Our statute also defines a "partially disabled person." This person "is one who is unable by reason of any physical or mental condition to receive and evaluate information or to communicate decisions to such an extent that he lacks capacity to manage, in part, his financial resources." § 475.010(12). The trial court found landowner was a disabled person or a partially disabled person.
Purchaser first argues that landowner's disability must be established by clear and convincing evidence. See § 475.075. He maintains landowner did not meet this evi-dentiary burden.

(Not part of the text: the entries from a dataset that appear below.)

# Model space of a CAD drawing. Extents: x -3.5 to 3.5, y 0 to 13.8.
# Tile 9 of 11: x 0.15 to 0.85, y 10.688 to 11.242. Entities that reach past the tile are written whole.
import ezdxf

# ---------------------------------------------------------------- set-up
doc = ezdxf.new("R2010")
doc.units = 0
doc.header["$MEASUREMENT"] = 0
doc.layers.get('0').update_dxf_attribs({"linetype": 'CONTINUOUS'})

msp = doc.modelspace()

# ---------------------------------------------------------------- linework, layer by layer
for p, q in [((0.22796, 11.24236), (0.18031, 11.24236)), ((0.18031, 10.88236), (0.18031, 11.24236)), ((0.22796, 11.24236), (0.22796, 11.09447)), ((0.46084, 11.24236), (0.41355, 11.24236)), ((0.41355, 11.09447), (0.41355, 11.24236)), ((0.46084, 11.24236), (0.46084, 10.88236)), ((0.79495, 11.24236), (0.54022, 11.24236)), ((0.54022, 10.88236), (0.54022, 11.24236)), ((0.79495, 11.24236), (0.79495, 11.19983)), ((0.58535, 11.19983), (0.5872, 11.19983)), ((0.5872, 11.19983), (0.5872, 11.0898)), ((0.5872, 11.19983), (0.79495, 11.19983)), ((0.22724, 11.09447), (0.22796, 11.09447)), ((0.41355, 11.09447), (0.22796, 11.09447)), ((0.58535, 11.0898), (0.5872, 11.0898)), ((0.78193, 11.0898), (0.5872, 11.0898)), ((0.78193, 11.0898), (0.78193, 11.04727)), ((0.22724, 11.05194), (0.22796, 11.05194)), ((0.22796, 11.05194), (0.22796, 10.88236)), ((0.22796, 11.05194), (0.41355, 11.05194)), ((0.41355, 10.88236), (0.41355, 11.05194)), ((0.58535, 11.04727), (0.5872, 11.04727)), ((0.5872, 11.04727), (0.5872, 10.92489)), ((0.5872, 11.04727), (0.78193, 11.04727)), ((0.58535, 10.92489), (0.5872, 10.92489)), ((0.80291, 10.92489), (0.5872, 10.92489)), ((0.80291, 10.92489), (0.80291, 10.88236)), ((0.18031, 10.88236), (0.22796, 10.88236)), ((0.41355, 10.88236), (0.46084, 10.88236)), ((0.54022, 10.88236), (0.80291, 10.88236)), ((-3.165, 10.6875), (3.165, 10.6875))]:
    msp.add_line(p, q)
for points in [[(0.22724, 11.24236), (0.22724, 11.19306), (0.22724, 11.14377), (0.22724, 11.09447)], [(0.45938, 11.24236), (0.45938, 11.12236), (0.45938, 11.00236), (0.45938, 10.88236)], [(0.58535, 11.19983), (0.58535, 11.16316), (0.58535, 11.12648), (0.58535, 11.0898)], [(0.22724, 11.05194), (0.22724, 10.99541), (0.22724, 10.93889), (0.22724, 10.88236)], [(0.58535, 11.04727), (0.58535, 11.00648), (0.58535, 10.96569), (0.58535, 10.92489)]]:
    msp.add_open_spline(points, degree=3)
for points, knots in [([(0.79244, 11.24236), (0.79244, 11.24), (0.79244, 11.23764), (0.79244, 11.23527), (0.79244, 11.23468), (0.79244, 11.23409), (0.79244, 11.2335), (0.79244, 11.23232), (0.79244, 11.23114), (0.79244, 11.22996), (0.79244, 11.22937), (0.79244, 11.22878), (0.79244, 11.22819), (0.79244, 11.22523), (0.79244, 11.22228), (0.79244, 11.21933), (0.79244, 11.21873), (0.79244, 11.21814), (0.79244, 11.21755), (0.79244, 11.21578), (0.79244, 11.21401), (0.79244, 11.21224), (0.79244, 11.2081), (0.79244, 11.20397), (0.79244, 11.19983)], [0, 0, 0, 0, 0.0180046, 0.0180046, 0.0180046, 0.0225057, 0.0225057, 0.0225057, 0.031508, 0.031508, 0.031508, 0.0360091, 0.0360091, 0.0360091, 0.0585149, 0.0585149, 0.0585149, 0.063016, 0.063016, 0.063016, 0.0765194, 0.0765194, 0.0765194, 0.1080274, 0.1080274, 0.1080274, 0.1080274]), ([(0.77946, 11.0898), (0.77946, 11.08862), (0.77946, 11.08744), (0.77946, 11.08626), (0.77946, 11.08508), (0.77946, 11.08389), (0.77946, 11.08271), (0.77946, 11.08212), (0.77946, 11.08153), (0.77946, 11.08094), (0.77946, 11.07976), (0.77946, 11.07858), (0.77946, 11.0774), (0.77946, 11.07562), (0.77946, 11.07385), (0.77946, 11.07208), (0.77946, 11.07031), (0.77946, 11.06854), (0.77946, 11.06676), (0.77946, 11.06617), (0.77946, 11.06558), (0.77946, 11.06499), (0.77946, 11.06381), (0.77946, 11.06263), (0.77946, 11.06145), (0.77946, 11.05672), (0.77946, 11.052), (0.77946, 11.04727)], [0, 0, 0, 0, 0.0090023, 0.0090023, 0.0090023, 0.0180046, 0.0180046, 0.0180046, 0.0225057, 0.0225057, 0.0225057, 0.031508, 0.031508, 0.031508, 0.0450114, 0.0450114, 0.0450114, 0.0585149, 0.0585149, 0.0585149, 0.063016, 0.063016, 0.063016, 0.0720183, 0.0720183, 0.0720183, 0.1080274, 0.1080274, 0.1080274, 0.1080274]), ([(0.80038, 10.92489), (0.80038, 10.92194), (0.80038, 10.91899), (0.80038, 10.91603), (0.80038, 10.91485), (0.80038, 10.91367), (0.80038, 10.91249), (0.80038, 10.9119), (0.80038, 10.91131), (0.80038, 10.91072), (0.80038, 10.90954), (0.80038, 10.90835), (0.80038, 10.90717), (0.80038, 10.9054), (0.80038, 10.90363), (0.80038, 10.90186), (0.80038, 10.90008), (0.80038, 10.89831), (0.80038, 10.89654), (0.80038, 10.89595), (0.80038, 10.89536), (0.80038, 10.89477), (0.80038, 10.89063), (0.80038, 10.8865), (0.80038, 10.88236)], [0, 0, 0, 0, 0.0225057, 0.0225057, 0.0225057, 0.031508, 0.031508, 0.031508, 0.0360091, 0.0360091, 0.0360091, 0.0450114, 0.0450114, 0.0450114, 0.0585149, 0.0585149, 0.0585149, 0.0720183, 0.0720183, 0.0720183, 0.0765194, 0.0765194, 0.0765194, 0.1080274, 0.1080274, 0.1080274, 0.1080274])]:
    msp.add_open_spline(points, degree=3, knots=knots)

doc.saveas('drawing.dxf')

In support, however, he only cites cases involving adjudication of disability. The statute we are concerned with, § 140.350, does not require adjudication of disability in order to toll the redemption period. Purchaser has not cited any cases or statutes holding that clear and convincing evidence is required in this context; nor has our research disclosed any. Moreover, even assuming, which we do not, that clear and convincing evidence is required, the evidence presented meets that standard.
Landowner's medical records reflect that she has a history of severe mental problems dating back to the early 1980's, when she was treated for manic-depressive disease and chronic depression. She was given electro-convulsive therapy (shock treatments), as well as medication (Thorazine, Lithium, and Xanax).

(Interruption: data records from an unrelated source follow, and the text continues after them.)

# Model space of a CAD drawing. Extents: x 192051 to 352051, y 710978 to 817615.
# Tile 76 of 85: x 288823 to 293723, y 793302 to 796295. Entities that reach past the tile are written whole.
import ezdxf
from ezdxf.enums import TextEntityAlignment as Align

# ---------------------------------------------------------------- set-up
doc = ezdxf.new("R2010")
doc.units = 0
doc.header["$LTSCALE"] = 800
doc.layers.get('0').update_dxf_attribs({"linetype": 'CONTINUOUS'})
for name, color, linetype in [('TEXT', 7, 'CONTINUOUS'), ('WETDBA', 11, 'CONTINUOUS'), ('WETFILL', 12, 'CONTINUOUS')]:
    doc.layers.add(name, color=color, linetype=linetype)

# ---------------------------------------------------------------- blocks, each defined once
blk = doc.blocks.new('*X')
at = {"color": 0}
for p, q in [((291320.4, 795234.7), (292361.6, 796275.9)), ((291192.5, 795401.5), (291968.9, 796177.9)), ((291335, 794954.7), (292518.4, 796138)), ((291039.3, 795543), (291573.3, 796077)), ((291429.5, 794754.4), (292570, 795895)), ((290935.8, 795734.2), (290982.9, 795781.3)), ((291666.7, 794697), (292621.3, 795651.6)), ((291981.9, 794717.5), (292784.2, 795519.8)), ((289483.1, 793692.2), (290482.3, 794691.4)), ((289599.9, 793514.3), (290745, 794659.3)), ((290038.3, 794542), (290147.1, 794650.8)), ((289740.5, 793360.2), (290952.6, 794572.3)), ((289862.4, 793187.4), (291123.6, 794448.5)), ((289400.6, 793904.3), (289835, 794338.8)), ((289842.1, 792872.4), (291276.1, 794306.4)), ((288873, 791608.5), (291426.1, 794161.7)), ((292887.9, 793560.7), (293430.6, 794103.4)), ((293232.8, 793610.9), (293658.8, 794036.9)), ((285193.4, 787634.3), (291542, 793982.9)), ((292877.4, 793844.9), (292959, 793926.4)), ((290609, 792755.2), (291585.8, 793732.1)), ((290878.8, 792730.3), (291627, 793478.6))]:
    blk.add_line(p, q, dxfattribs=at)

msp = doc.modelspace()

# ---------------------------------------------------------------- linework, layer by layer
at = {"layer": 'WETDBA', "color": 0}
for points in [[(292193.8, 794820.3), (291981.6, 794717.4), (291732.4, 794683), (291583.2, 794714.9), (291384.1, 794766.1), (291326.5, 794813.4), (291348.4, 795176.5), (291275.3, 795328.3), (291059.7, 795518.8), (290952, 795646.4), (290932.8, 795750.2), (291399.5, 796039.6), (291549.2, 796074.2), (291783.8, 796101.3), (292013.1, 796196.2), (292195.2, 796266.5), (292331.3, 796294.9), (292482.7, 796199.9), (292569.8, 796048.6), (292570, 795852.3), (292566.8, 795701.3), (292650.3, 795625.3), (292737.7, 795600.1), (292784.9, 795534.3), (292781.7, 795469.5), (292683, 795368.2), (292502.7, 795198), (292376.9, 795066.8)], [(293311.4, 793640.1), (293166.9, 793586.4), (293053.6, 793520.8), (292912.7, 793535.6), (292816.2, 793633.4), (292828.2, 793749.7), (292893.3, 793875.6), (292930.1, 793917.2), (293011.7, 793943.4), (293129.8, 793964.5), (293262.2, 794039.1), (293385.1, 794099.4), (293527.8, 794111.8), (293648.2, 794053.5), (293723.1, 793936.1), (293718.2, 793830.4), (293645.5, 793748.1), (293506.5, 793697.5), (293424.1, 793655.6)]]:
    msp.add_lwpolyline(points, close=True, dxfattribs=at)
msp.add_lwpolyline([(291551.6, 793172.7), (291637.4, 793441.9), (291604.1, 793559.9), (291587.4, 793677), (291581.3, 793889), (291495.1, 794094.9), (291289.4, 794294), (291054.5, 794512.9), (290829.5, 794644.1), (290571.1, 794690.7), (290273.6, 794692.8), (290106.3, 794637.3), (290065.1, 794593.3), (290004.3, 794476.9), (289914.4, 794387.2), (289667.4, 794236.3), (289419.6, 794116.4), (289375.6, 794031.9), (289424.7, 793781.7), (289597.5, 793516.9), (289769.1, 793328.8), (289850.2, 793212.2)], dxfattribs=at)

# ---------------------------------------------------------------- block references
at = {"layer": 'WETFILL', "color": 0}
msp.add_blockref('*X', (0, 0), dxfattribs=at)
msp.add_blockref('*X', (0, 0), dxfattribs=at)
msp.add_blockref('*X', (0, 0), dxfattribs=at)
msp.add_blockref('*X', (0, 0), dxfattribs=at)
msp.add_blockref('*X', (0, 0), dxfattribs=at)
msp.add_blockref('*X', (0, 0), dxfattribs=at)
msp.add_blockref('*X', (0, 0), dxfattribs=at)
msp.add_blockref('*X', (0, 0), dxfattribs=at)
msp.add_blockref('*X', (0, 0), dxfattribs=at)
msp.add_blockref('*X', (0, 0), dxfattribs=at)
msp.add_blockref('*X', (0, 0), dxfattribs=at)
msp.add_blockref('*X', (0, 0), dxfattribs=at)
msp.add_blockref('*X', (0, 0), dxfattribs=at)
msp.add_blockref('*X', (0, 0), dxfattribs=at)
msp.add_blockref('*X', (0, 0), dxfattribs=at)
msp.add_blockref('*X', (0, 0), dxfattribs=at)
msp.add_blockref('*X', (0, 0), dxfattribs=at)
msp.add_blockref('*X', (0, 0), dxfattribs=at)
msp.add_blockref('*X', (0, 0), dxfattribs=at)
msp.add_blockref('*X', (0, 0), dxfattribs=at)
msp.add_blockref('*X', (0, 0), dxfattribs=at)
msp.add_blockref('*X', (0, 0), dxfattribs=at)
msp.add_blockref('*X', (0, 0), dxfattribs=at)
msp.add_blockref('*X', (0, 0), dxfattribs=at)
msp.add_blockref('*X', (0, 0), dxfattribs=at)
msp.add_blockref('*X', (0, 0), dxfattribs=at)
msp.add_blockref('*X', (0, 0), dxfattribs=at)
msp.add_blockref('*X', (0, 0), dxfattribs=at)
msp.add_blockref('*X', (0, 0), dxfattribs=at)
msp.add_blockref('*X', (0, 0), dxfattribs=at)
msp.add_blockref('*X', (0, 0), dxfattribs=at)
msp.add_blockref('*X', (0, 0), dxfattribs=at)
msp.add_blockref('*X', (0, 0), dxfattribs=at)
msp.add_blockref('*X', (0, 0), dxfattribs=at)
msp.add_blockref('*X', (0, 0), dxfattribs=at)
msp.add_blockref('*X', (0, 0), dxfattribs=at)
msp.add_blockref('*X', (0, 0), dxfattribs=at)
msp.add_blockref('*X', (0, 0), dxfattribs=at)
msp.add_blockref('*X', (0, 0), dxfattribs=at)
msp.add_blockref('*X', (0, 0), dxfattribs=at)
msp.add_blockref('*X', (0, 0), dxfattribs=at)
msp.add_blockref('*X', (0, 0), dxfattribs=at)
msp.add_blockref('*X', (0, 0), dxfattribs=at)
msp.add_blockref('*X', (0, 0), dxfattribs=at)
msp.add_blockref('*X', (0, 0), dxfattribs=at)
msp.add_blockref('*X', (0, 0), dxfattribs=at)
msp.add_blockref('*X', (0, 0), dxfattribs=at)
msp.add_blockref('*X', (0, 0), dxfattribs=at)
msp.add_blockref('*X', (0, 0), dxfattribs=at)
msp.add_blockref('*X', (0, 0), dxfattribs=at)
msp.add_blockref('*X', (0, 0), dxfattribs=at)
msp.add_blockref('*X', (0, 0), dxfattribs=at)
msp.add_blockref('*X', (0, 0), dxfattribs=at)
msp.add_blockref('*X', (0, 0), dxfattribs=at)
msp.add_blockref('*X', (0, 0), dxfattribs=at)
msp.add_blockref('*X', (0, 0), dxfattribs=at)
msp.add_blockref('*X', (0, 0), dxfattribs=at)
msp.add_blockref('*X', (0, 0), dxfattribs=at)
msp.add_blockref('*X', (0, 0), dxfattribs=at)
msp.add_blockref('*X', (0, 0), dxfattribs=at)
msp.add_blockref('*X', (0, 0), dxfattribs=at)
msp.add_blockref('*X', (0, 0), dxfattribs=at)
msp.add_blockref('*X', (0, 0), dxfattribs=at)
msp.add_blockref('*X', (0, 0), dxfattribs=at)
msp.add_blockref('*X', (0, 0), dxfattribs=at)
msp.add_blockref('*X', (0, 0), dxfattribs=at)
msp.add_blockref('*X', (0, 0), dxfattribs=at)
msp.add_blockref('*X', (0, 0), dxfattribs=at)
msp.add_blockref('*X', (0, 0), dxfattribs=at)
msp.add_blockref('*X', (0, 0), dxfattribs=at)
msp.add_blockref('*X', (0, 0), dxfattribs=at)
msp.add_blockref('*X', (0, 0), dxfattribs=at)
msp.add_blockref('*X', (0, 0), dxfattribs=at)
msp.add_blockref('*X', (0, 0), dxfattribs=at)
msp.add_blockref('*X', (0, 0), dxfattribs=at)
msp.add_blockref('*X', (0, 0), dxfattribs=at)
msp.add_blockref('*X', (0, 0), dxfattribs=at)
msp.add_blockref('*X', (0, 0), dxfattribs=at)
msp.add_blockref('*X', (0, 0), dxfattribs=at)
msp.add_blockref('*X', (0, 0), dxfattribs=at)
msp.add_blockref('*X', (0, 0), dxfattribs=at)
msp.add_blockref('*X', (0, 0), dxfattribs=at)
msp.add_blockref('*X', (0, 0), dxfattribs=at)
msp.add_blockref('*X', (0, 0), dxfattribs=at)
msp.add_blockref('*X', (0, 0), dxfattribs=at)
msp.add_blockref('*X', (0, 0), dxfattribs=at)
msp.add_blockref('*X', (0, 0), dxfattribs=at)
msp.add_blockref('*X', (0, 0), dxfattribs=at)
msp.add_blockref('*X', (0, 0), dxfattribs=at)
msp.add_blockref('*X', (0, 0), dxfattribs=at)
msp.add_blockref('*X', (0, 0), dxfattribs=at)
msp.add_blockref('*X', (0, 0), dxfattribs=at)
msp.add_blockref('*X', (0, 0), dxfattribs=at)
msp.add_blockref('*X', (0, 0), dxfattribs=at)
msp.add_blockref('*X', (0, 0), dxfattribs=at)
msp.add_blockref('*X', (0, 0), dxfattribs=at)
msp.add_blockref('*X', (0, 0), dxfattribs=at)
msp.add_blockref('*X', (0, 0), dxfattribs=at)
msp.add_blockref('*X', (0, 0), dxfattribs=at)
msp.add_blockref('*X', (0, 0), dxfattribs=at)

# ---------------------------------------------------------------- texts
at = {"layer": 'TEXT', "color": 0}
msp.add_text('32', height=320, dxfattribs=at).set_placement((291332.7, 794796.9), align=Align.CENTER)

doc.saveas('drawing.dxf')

Landowner was hospitalized on August 24, 1987, the date her property was sold at the tax sale. She was admitted August 10,1987, to a closed psychiatric unit because she was a suicidal risk and had major severe depression. She again received electro-convulsive therapy and drugs. She was discharged a little over a month later. Her physician during this hospitalization stated that during this time, she was "unable to manage her personal financial affairs."
Landowner's treating physician from 1987 through the time of trial diagnosed her as having major depression, passive-aggressive personality disorder, bipolar affective disorder, and Type II depression. He noted landowner was suicidal. He treated her with medication and electro-convulsive therapy.
In addition to this medical evidence, other evidence disclosed she was unable to manage her financial affairs. She disregarded mail received at her house. Her utilities were turned off because of non-payment of bills. Various judgments were obtained against her for non-payment of her medical bills. The sewer district filed a lien against her property for non-payment of charges. She did not have either a checking or savings account. Finally, her brother's company, which was also her employer, paid her bills for her, deducting the payments from her salary.
Our review of the record indicates the evidence supports the trial court's findings. See Strauss v. Strauss, 755 S.W.2d 742, 743-44 (Mo.App.E.D.1988); Cannon v. Muller, 724 S.W.2d 321, 324 (Mo.App.W.D.1987). Point denied.
The trial court's judgment is affirmed.
CRANDALL, P.J., and PUDLOWSKI, J, concur.
All statutory references are to RSMo 1986.